╔══

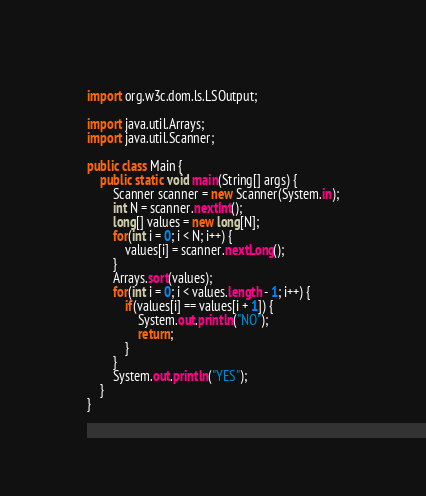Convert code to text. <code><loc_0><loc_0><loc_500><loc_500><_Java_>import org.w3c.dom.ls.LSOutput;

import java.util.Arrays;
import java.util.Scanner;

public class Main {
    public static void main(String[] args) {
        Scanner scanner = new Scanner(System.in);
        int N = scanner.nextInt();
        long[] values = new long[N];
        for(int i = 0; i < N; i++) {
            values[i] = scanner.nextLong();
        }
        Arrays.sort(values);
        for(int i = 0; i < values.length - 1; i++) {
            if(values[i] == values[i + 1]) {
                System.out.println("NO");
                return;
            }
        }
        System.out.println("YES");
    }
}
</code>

╚══

Work required:
Using the listing above, return all lines where the word "System" occurs.

Output:
        Scanner scanner = new Scanner(System.in);
                System.out.println("NO");
        System.out.println("YES");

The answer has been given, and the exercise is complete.